高木登 観劇日記トップページへ
 
  ショナルシアター・ライブ、ジョシー・ルーク演出
         トム・ヒドルストン主演 『コリオレイナス』     
No. 2016-018

 2013年から2014年にかけて、ロンドンのドンマー・ウェアハウスで公演された『コリオレイナス』の映像版。
 この舞台の特徴は、一にも二にも最後のショッキングなコリオレイナス殺害の場面にあるだろう。
 それは、1959年、ピーター・ホール演出、ローレンス・オリヴィエ主演、ストラットフォード・メモリアル・シアターで公演された『コリオレイナス』で、1945年のイタリアの独裁者ムッソリーニの処刑と同じく、コリオレイナスを逆さ吊りにした処刑を模したものであった。(注1)
 異なる点は、ホールの演出ではコリオレイナスがオフィーディアスの部下たちによって足首をもたれて逆さ吊りにされるが、ジョシー・ルーク演出では、コリオレイナスは鎖で以て逆さ吊りにされ、処刑場面の離れた場所にはコリオレイナスの母ヴォラムニアが、虚空を見つめたように放心状態で立ちつくしており、その演出を加えることで単なる模倣、二番煎じから逃れている。
 ルーク演出の『コリオレイナス』は、全体的にも暴力的なダイナミズムにあふれたものであった。
 壁際に立てかけられた梯子をよじ登ってコリオライの城郭内に一人で入っていったコリオレイナスは、味方から死んだものと思われていたのが、コリオライを制圧し、頭から上半身まで血みどろの姿となって現れる。
 戦闘が終わって、独り舞台上に残ったコリオレイナスは天井から流れ落ちてくる本水で傷口の血を洗い流す。
 コリオレイナスが逆さ吊りにされて血を流す場面でも、コリオレイナスが流す血が彼の下にいるオフィーディアスの頭上に滴り落ちていたが、このような血の場面が印象的に強調されている。

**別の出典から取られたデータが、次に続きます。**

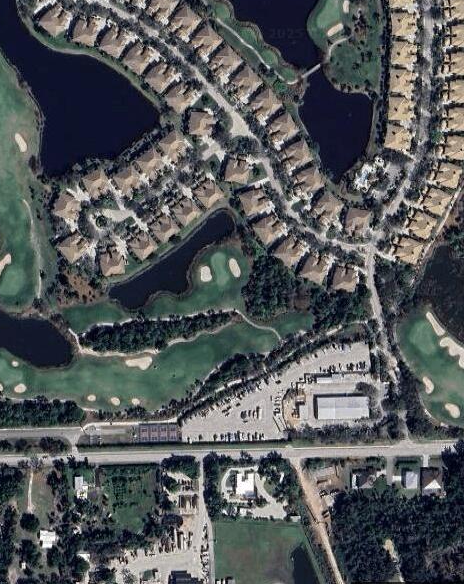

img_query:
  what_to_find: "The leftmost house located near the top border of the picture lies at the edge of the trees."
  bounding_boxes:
[38,4,72,35]
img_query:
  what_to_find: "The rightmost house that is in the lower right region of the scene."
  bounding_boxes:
[422,467,443,494]
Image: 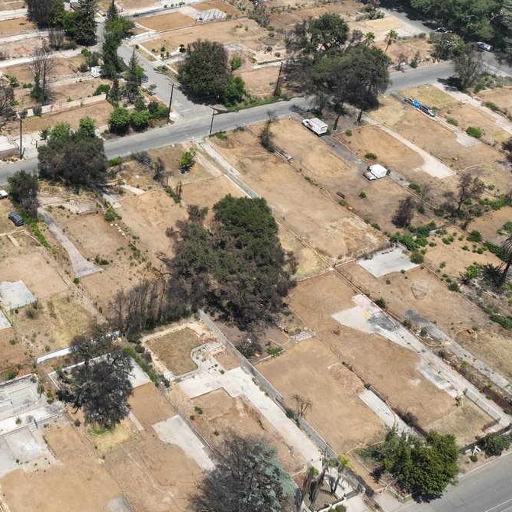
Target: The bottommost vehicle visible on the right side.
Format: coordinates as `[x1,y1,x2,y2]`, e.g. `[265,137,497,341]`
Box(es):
[366,159,391,178]
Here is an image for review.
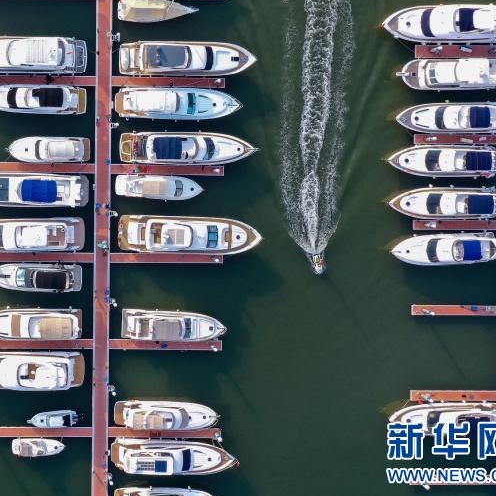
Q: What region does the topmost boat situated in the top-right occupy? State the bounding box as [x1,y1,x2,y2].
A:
[380,5,496,46]
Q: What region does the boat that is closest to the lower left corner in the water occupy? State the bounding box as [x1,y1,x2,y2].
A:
[12,437,66,458]
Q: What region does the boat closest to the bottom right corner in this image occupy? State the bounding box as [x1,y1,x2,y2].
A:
[387,399,496,437]
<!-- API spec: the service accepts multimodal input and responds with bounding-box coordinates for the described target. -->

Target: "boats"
[389,232,496,265]
[110,39,258,80]
[109,214,265,255]
[110,483,213,496]
[0,261,91,296]
[0,349,93,393]
[0,215,93,255]
[27,410,80,431]
[0,305,93,341]
[110,435,240,479]
[110,396,219,434]
[109,307,227,345]
[387,399,496,437]
[386,186,496,219]
[8,133,93,166]
[0,33,93,76]
[380,5,496,46]
[12,437,66,458]
[386,145,496,178]
[311,253,323,273]
[0,170,92,210]
[111,84,243,122]
[109,128,260,168]
[393,101,496,133]
[0,82,92,117]
[397,58,496,92]
[109,172,205,204]
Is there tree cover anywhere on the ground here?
No

 暴力的なまでにダイナミックな場面と対称的であったのが、ローマとの和平を請うヴォラムニアの嘆願シーンである。この場面がじっくりと演出されることで緊迫感が徐々に高まっていき、頑なに沈黙を守り通していたコリオレイナスの目に涙が滲み、その涙が一筋スーッと流れて、「母上、貴方は何と大変なことをしてくれたのか」と嘆息し、「母上、母上」という言葉が絞り出すようにして繰り返され、ついに折れてオフィーディアスに相談することなくローマとの和平を自分の一存で決意し、その後で和平の条件をオフィーディアスに相談する。
 そのことで彼は予期していた通り破滅を招くことになる。
 コリオレイナスの性格をよく表しているのが見えた演出は、ヴォルサイの陣営で彼が一番の大将であるかのように、自分は終始椅子に座った状態で、オフィーディアスを脇に立たせ、彼を一武将のようにしか見ていない場面であった。
 目を引いた演出としては、護民官のシシニアスとブルータスの一人を女性にして、二人を恋人のような関係に見せ、首尾よくコリオレイナスを追放したした後、二人は熱いキスを交わした場面がそれである。
 コリオレイナスの妻ヴァージリアは、どちらかというと寡黙でおとなしい気弱な女性に思われるのだが、この舞台で演じられたヴァージリアは芯の強い気性の激しい台詞を吐いていたのも意外性のあるものだった。
 ライブの映像では、休憩時間のインターミッションで演出者のルークへのインタビューが映し出され、『コリオレイナス』を選んだ理由などが語られ、興味深かった。
 映像ではなく舞台で観れば臨場感がもっと強いものとなっていたであろうと思うと残念な気がした。
 もっとも、インタビューでの話では、チケットは初日で完売、徹夜組で並んだ者もいたというから、映像版で観られることだけでもよしとしなければならないだろう。
 主演のコリオレイナスはトム・ヒドルストン、メニニアスをマーク・ゲイテスが演じた。